Article Text
Abstract
Background Triple antibody cocktail immunohistochemical staining is routinely used as an ancillary method to establish a diagnosis of prostate cancer in biopsies with small foci of atypical glands. Crush artefact can distort surgical margins in radical prostatectomy specimens, occasionally making it difficult to diagnose a positive margin.
Aim To investigate the ability of a cocktail stain to distinguish carcinoma from benign prostatic glands at the edge of crushed margins in prostatectomy specimens.
Methods 10 radical prostatectomy specimens with crushed benign glands at the surgical margins, and 20 with crushed margins positive for carcinoma were retrieved from the pathology archives. The latter included 16 (80%) with positive apical margins, 2 (10%) incised intraprostatic margins, and 1 (5%) soft tissue margin.
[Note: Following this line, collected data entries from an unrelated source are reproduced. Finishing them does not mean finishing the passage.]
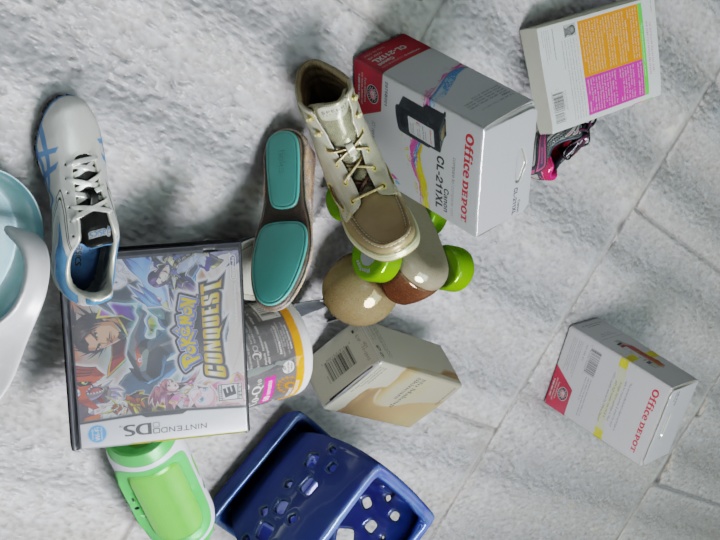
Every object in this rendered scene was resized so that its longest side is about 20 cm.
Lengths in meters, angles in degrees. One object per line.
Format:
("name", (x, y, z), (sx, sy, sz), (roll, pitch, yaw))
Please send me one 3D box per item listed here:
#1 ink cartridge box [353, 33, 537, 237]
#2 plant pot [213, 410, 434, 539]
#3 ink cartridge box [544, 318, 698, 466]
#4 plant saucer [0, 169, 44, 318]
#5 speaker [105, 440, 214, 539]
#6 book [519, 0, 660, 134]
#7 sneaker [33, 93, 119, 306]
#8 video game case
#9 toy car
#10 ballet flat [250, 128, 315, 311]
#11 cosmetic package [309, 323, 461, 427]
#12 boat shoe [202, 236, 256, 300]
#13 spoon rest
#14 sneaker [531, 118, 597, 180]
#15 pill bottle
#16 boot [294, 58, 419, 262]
("ink cartridge box", (0.088, -0.150, 1.535), (0.083, 0.200, 0.146), (-29, 136, -32))
("plant pot", (-0.057, 0.304, 1.742), (0.200, 0.180, 0.200), (-51, 145, -7))
("ink cartridge box", (0.402, 0.187, 2.166), (0.083, 0.200, 0.145), (-11, 125, -45))
("plant saucer", (-0.377, -0.009, 1.254), (0.200, 0.027, 0.200), (-30, 137, -32))
("speaker", (-0.224, 0.238, 1.577), (0.088, 0.088, 0.200), (-39, 141, -22))
("book", (0.297, -0.262, 1.771), (0.200, 0.048, 0.134), (-21, 106, -33))
("sneaker", (-0.256, -0.064, 1.297), (0.072, 0.072, 0.200), (-18, 114, -40))
("video game case", (-0.204, 0.074, 1.396), (0.180, 0.026, 0.200), (-4, 102, -14))
("toy car", (0.000, 0.000, 1.646), (0.164, 0.158, 0.200), (8, 140, -48))
("ballet flat", (-0.073, -0.050, 1.489), (0.067, 0.068, 0.200), (38, 57, -69))
("cosmetic package", (0.031, 0.134, 1.776), (0.105, 0.071, 0.200), (-41, 148, 21))
("boat shoe", (-0.153, 0.007, 1.494), (0.200, 0.062, 0.075), (-30, 122, -44))
("spoon rest", (-0.341, 0.060, 1.278), (0.099, 0.061, 0.200), (18, 102, -53))
("sneaker", (0.277, -0.197, 1.826), (0.200, 0.075, 0.081), (-51, 143, -9))
("pill bottle", (-0.161, 0.101, 1.505), (0.200, 0.116, 0.117), (-14, 128, -30))
("boot", (-0.008, -0.116, 1.462), (0.072, 0.200, 0.155), (-24, 137, -5))

Two-colour triple antibody stain using a cocktail of antibodies against α-methylacyl coenzyme A racemase (AMACR), high molecular weight keratin and p63 was performed on all the selected cases.
Results In 10/10 specimens with crushed benign glands, basal cell staining continued to be detectable, while AMACR staining was negative in all cases (0/10). In the positive margin cases, none of the crushed glands expressed basal cell marker staining (0/20), whereas 14/20 (70%) of the cases showed variable levels of AMACR positivity at the inked margin.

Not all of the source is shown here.